Renowned anchorperson and columnist, Mr. Saleem Safi deliberated on how the difference in dynamics of Balochistan and other provinces of Pakistan merited special treatment for the former. He opined that the geostrategic significance of Balochistan had, over the years, compelled actors such as the United States, India and the Afghan Taliban to use Balochistan as a proxy base for their own strategic interests, which had also been engineered to create a sense of deprivation among the Baloch populace. To bring peace in Balochistan, he stated, diplomatic efforts to address the grievances of the Afghans were needed to prevent Afghan soil from being used against Pakistan, and particularly Balochistan. He suggested collaborating with the Chinese leadership to address issues in this regard. In his recommendations, he put forth that Balochistan needed to be a full member of the CPEC Joint Cooperation Committee, that Gilgit Baltistan and Balochistan needed to be provided their due share in CPEC, and that a Truth and Reconciliation Commission should be established to look over the disputed affairs of FATA and Balochistan.
Ambassador (Retd.) Ashraf Jehangir Qazi, who chaired the panel discussion, also shared his views on the speakers’ talks. He highlighted the role played by the Chinese government to help Pakistan secure economic stability; spoke on the political and security implications of the Pashtun Tahaffuz Movement and how the government needed to address it; and reiterated the need for the Pakistan government to correct its internal policies in order to secure any opportunities for security and economic prosperity.
The panel discussion was followed by a presentation of Policy Recommendations by Mr. Anas Abdullah, President CSCR. Mr. Abdullah highlighted what needed to be done to address the grievances of the Baloch populace emphasizing the need to bridge the gaps between the Baloch youth and those of other provinces.
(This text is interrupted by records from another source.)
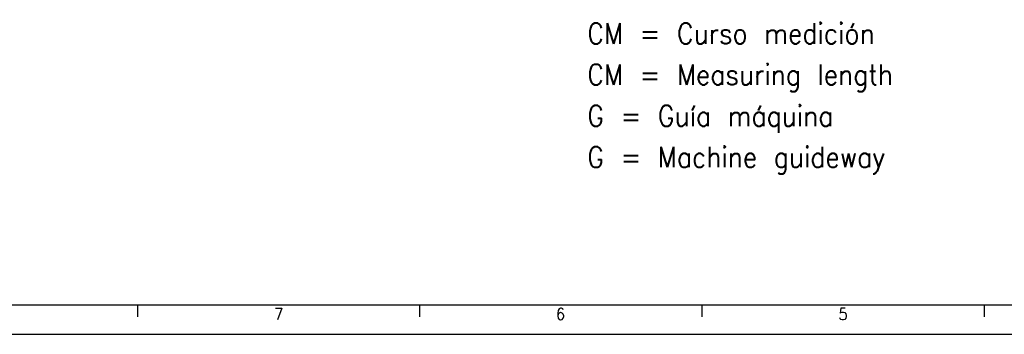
# Model space of a CAD drawing. Header units: millimetres. Extents: x -235 to 994, y -109 to 485.
# Tile 5 of 16: x 244 to 411, y -109 to -56. Entities that reach past the tile are written whole.
import ezdxf

# ---------------------------------------------------------------- set-up
doc = ezdxf.new("R2010")
doc.units = ezdxf.units.MM
doc.layers.add('1', color=7, linetype='Continuous')
doc.styles.add('CONVERTER_11', font='txt.shx', dxfattribs={"width": 0.9})

# ---------------------------------------------------------------- blocks, each defined once
blk = doc.blocks.new('Marco_a1', base_point=(184.81, 187.78))
at = {"layer": '1', "color": 7, "linetype": 'Continuous'}
blk.add_line((-215.19, -104.22), (599.81, -104.22), dxfattribs=at)
at = {"layer": '1', "color": 2, "linetype": 'Continuous'}
for p, q in [((264.23, -104.27), (264.23, -106.27)), ((312.17, -104.27), (312.17, -106.27)), ((360.11, -104.27), (360.11, -106.27)), ((408.05, -104.27), (408.05, -106.27)), ((-235.19, -109.22), (604.81, -109.22))]:
    blk.add_line(p, q, dxfattribs=at)
at = {"layer": '1', "color": 2, "char_height": 2, "attachment_point": 4, "line_spacing_factor": 1.20048, "style": 'CONVERTER_11'}
for s, insert in [('7', (287.47, -105.77)), ('6', (335.32, -105.77)), ('5', (383.3, -105.77))]:
    blk.add_mtext(s, dxfattribs=dict(at, insert=insert))
blk = doc.blocks.new('Top', base_point=(184.81, 187.78))
blk.add_blockref('Marco_a1', (184.81, 187.78))
blk = doc.blocks.new('_dummy_frame__43', base_point=(-235.19, -174.57))
blk.add_blockref('Top', (184.81, 187.78))
blk = doc.blocks.new('_dummy_frame__44', base_point=(-346.5, -309.51))
at = {"layer": '1'}
blk.add_blockref('_dummy_frame__43', (-235.19, -174.57), dxfattribs=at)

msp = doc.modelspace()

# ---------------------------------------------------------------- block references
at = {"layer": '1'}
msp.add_blockref('_dummy_frame__44', (-346.5, -309.51), dxfattribs=at)

# ---------------------------------------------------------------- texts
at = {"layer": '1', "color": 2, "insert": (340.65, -81.99), "char_height": 3.5, "attachment_point": 7, "line_spacing_factor": 1.20048, "style": 'CONVERTER_11'}
msp.add_mtext('CM = Curso medición\\PCM = Measuring length\\PG = Guía máquina\\PG = Machine guideway', dxfattribs=at)

doc.saveas('drawing.dxf')

Discussing the work of Voice of Balochistan, an independent body that works with the government of Balochistan and the CSCR, he highlighted its focus on exposure visits of the Baloch youth to major cities of Pakistan, an effort which has brought about tangible positive shifts in Baloch perceptions; he argued that other provincial governments ought to do the same, ato help address g misperceptions on both sides. He also pointed out how only a small percentage of the budget allotted to previous Balochistan governments was actually used, linking it to the poor socio-economic, health and education indicators of the province.
The seminar ended with a vote of thanks by Ms. Aiza Azam.